Con la sua legge di bilancio per il 2026, Bayrou vorrebbe portare ora il deficit al 4,6 per cento, ma molte delle misure proposte (fra cui quella di abolire due giorni festivi) sono state rigettate dai partiti di opposizione. Intanto lo Stato sta continuando a spendere. Nel primo trimestre di quest’anno la differenza fra entrate e spese pubbliche era al 5,6 per cento, superando per ora l’obiettivo di deficit del 5,4 per cento che era stato fissato per il 2025 (che era comunque già più alto di quello richiesto dall’Unione).
Lo stallo politico e la conseguente incertezza stanno creando un problema aggiuntivo: prestare soldi alla Francia è diventato agli occhi degli investitori più rischioso. In questi casi aumentano i tassi di interesse sui titoli di stato, cioè quegli strumenti finanziari che servono proprio a prestare soldi agli stati e che rappresentano pezzetti del debito pubblico. Semplificando molto, gli investitori chiedono un compenso maggiore per accollarsi un rischio superiore.
Oggi il governo francese paga sul suo debito tassi di interesse maggiori di un anno fa, e oltretutto quasi uguali a quelli dello stato italiano: significa che per gli investitori la Francia è sostanzialmente affidabile come l’Italia, paese che storicamente non è mai stato considerato virtuoso.
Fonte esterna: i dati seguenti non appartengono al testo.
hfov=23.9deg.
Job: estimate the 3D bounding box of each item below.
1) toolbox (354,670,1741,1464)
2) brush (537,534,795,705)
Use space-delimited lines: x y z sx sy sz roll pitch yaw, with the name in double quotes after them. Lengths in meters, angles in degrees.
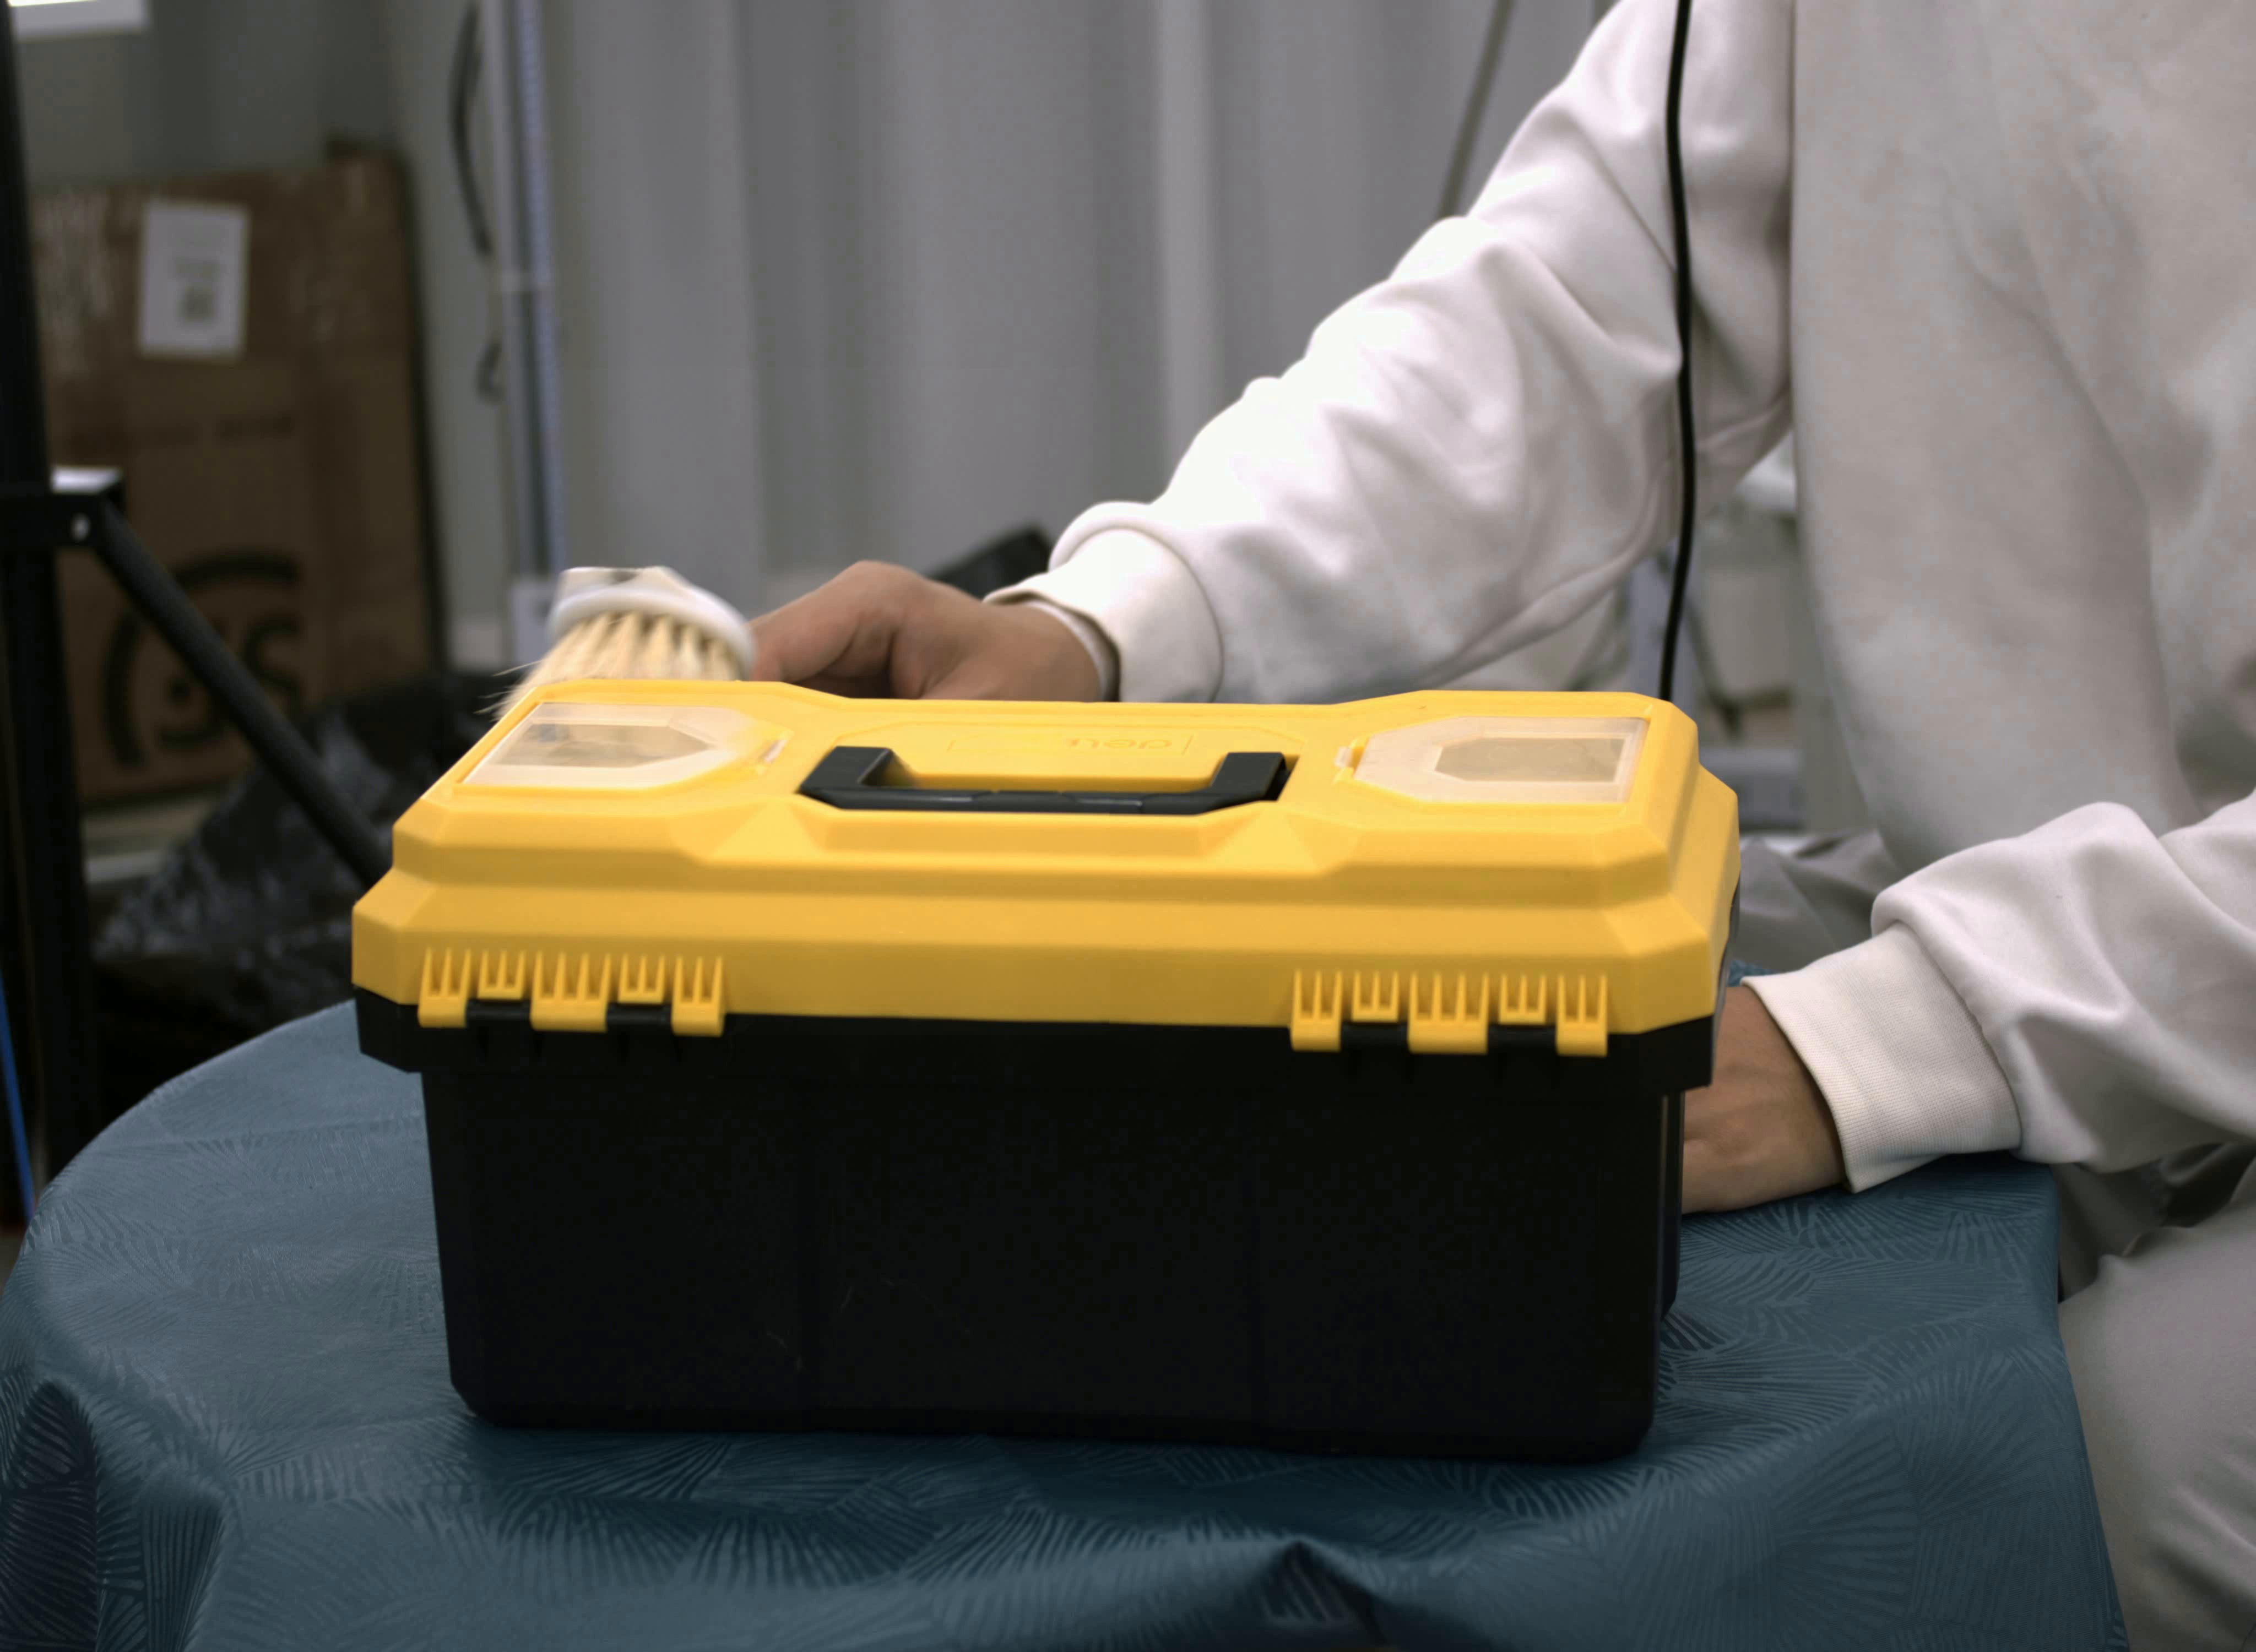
-0.015 0.061 1.411 0.353 0.173 0.180 1 17 11 "toolbox"
-0.102 -0.013 1.604 0.069 0.056 0.262 14 -15 21 "brush"

Era una condizione impensabile fino a poco tempo fa.
Nell’ultimo anno è aumentato anche lo spread con la Germania, cioè la differenza tra i tassi di interesse sui titoli francesi e quelli sui titoli tedeschi, considerati i più affidabili d’Europa e che rappresentano quindi il rischio nullo: prima delle elezioni europee di giugno del 2024 era intorno a 45 punti base, mentre in queste settimane è arrivato quasi a 80 punti.
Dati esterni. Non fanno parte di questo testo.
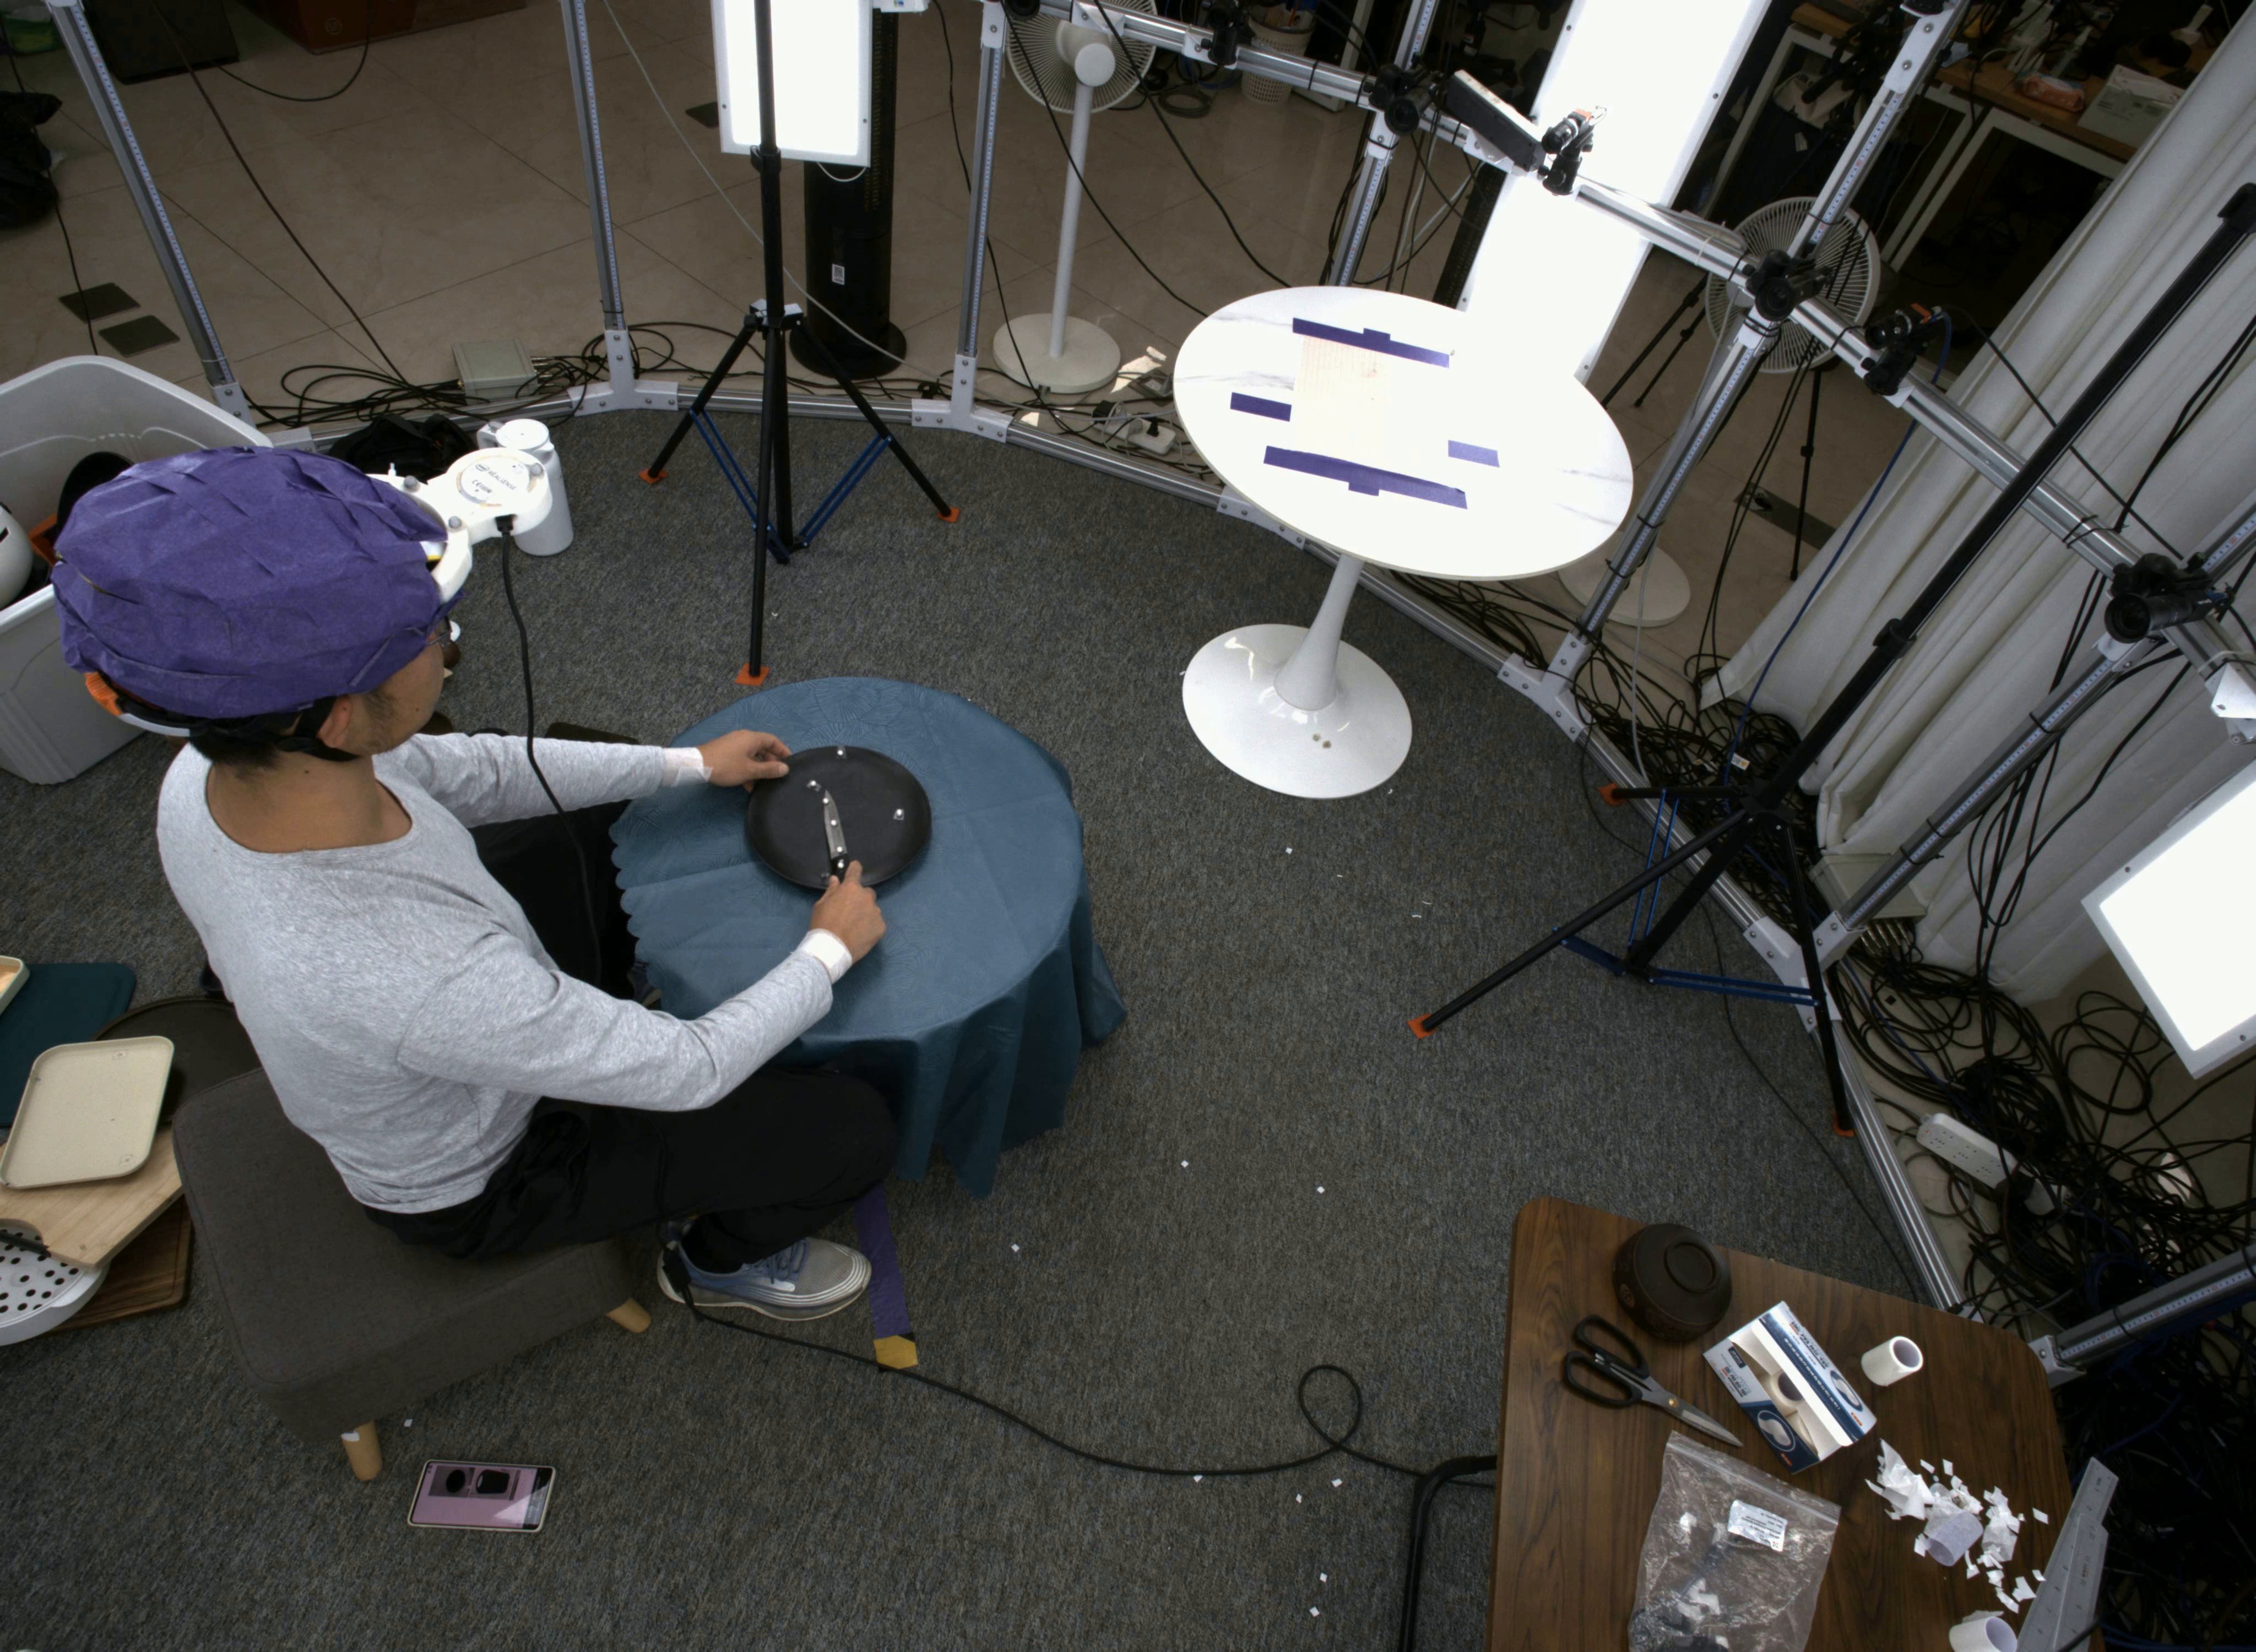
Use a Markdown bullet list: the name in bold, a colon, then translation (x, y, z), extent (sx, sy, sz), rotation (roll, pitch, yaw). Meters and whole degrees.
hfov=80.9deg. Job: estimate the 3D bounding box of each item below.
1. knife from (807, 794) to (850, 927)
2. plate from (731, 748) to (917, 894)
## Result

È una situazione nel complesso piuttosto preoccupante, specialmente perché non sembra che possa risolversi presto. Anche se il governo dovesse cadere e venissero indette nuove elezioni non è detto che porterebbero a una composizione del parlamento meno frammentata, e quindi alla creazione di un governo più solido.
Allo stesso tempo però molti economisti ritengono infondati gli allarmi di Bayrou, soprattutto il rischio di finire sotto il controllo della troika. La Francia non è la Grecia, e soprattutto non è la Grecia di dieci anni fa: al culmine della crisi del debito, il tasso di interesse sui prestiti concessi al governo greco aveva superato il 16 per cento, l’economia greca era messa molto peggio di quella francese, anche a causa delle stesse richieste della troika, e il paese non aveva neanche una frazione della rispettabilità economica della Francia. Lo stesso Fondo Monetario Internazionale ha escluso che la Francia rischi di essere messa sotto la sua tutela.
Questo perché, di fatto, tutti hanno ancora molta fiducia nella solidità dell’economia francese. Nonostante il debito alto, le preoccupazioni sulla sua sostenibilità e l’instabilità politica, nessuno crede che la Francia possa realisticamente fallire e non ripagare i suoi debiti.
È anche il motivo per cui gli investitori non si sono ancora fatti prendere dal panico sui mercati finanziari e la Francia non ha problemi a trovarne di disposti a prestarle denaro quando ne ha bisogno. Lo scorso giugno il dipartimento che si occupa del debito pubblico ha raccolto altri 7,6 miliardi di euro, rimborsabili entro tre-dodici mesi. L’offerta (cioè i soldi che gli investitori erano disposti a prestare) era quattro volte superiore a quella di cui l’agenzia aveva bisogno.